"You’re not as safe as you should be." How understaffing is affecting one Texas prison
NEW BOSTON — By many accounts, the Telford prison is in trouble.
In recent interviews, inmates claimed they were malnourished from being fed small, sometimes rotting sack meals in their cells and rarely got to go outside. And former correctional officers said they felt unsafe, forced to cut corners and work too much overtime in a unit that holds more than 2,500 men.
“Working those longer hours and having that safety aspect in the back of your mind that maybe you’re not as safe as you should be or as you were, it wears on you,” said one former officer, who asked to remain anonymous for fear of retaliation against his friends who still work at the prison. “I’ve known [officers] to get physically ill at the mere thought of going to Telford.”
The problems at the maximum-security prison — tucked away on the outskirts of this small town in the northeastern corner of Texas near Texarkana — are largely blamed on a shortage of guards. In April, the prison employed only 65 percent of the full-time correctional officers it’s authorized to have — a shortage of nearly 200 — according to a Texas Department of Criminal Justice spokesman. That’s one of the highest officer vacancy rates in the state.
Telford also consistently reports more serious assaults on staff than any other prison in the state — including the 2015 murder of correctional officer Timothy Davison by a man who had committed multiple assaults against officers while serving two life sentences for burglary and aggravated assault. Since Davison’s death, the number of vacant officer positions at the unit has skyrocketed.
Telford is an extreme example, but the problem of understaffed prisons reaches across Texas. Out of about 26,000 authorized correctional officer positions, state-run prisons were short nearly 3,700 in November, and nearly three of every 10 officers left during the last fiscal year. That 28 percent turnover rate was “the highest in recent memory” according to Texas Department of Criminal Justice Executive Director Bryan Collier’s statement in a departmental newsletter.
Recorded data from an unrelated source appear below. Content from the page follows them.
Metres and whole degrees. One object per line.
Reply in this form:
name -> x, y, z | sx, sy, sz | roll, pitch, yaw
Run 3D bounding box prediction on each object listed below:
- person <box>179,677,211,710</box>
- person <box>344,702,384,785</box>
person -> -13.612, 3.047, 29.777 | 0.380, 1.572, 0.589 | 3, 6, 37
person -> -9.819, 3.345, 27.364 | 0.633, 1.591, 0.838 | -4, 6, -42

Last fall, a teacher working in the Ferguson Unit north of Huntsville said an inmate raped her; there were no officers in sight and the prison had a 25 percent officer vacancy rate at the time. Her lawyer has said he plans to file a federal lawsuit this month that blames understaffing for her assault.
Other states are also struggling to staff their prisons and suffering the consequences: At one South Carolina prison last month, the 44 officers guarding about 1,500 inmates waited for backup for more than four hours when a gang fight erupted into the country’s deadliest prison riot in 25 years, leaving seven dead and another 22 injured.
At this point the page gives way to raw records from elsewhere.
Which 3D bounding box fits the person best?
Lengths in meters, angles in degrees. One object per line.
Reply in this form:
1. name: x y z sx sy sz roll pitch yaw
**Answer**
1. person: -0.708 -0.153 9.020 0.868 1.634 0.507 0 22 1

“There’s probably no aspect of prison operations that’s more important to safety than appropriate levels of staffing,” said Michele Deitch, an attorney and senior lecturer at the University of Texas at Austin who studies prison conditions.
TDCJ’s spokesman, Jeremy Desel, said that adequate staffing is an important part of maintaining as safe an environment as possible in prisons. But he said the department does not believe staff assault rates — which fluctuate from year to year statewide — are related to staffing numbers because it has not been able to make a specific correlation between the two.
Still, the department is trying to address the problems at Telford. Several weeks ago, the department began moving nearly 400 inmates who require higher security and have a history of disciplinary issues from Telford to other prisons throughout the state to ease the burden on the unit’s officers, Desel said. And in the last month, administrators began temporarily rotating in employees from across the state to fill in the gaps.
“This unit to me is like a bunch of dead souls”
— Omar Edwards, incarcerated at the Telford prison
Collier has blamed the department’s recent dwindling officer ranks on a booming economy that gives potential hires more attractive job opportunities than what prisons can offer. Before February, rookie officers were paid about $34,000 in their first year for a job that comes with the daily risk of getting spit on, doused in urine or feces, and even beaten.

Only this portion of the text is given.